=== Extracted material ===

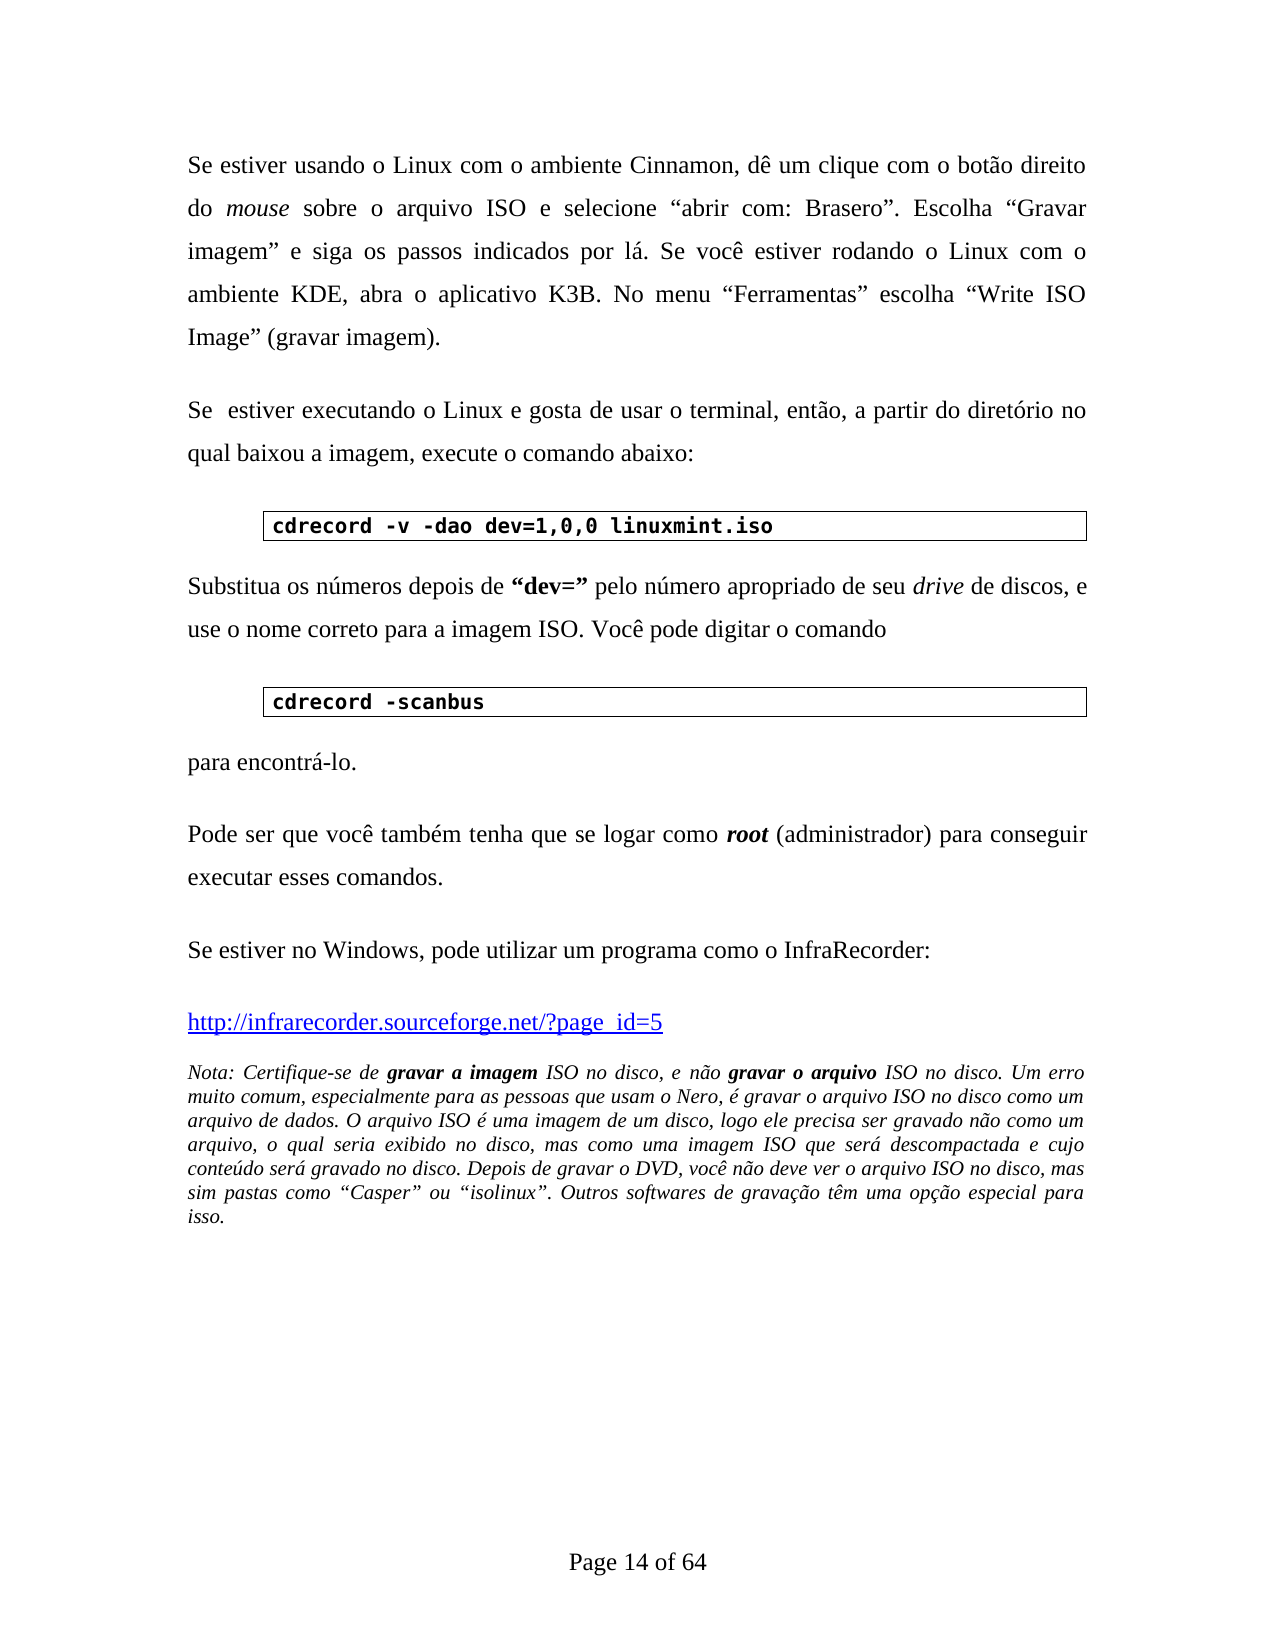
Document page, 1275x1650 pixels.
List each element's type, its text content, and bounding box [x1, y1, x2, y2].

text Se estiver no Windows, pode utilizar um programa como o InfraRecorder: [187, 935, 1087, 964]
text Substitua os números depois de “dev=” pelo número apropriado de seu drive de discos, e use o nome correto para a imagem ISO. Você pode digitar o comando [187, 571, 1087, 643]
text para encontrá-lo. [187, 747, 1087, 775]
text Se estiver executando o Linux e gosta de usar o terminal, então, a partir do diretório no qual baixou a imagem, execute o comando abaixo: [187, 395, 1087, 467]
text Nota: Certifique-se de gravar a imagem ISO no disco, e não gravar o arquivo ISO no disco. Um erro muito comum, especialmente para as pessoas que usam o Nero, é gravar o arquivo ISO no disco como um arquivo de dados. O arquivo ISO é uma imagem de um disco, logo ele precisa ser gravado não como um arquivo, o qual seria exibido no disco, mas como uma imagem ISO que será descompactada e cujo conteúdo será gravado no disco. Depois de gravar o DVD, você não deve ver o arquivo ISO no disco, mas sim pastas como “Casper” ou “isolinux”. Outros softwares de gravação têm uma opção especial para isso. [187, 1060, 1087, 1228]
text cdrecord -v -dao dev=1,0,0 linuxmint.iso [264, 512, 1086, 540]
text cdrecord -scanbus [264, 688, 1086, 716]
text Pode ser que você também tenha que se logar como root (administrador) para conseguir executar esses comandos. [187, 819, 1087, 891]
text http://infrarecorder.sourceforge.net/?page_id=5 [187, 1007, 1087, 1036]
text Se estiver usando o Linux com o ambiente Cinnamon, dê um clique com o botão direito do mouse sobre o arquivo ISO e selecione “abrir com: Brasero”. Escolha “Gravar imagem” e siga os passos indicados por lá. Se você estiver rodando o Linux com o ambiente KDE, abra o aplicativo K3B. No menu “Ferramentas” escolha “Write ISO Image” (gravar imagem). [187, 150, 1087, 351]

===
=== Extracted material ===

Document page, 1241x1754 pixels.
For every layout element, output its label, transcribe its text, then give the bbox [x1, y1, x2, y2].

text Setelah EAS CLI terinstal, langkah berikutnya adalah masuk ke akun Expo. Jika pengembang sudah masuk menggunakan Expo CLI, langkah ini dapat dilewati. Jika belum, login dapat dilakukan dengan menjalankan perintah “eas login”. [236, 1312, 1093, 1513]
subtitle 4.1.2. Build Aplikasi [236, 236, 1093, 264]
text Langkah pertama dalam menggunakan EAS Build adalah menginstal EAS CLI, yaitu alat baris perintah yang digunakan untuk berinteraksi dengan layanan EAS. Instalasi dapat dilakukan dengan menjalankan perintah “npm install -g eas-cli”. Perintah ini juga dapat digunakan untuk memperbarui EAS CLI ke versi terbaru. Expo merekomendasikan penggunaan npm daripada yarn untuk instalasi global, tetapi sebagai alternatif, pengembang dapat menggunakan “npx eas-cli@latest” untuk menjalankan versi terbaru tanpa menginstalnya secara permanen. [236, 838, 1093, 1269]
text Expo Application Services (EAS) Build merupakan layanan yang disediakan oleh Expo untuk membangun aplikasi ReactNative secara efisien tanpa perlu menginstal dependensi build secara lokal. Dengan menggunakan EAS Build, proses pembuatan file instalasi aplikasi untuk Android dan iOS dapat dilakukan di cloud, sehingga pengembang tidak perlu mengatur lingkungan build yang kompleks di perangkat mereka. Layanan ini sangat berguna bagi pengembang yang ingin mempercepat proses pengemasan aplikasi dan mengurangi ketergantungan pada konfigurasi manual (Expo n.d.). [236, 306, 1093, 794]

===

▶ What this task involves: List all lines from the entries that include the word "perintah".

▶ Exercise result:
text Setelah EAS CLI terinstal, langkah berikutnya adalah masuk ke akun Expo. Jika pengembang sudah masuk menggunakan Expo CLI, langkah ini dapat dilewati. Jika belum, login dapat dilakukan dengan menjalankan perintah “eas login”. [236, 1312, 1093, 1513]
text Langkah pertama dalam menggunakan EAS Build adalah menginstal EAS CLI, yaitu alat baris perintah yang digunakan untuk berinteraksi dengan layanan EAS. Instalasi dapat dilakukan dengan menjalankan perintah “npm install -g eas-cli”. Perintah ini juga dapat digunakan untuk memperbarui EAS CLI ke versi terbaru. Expo merekomendasikan penggunaan npm daripada yarn untuk instalasi global, tetapi sebagai alternatif, pengembang dapat menggunakan “npx eas-cli@latest” untuk menjalankan versi terbaru tanpa menginstalnya secara permanen. [236, 838, 1093, 1269]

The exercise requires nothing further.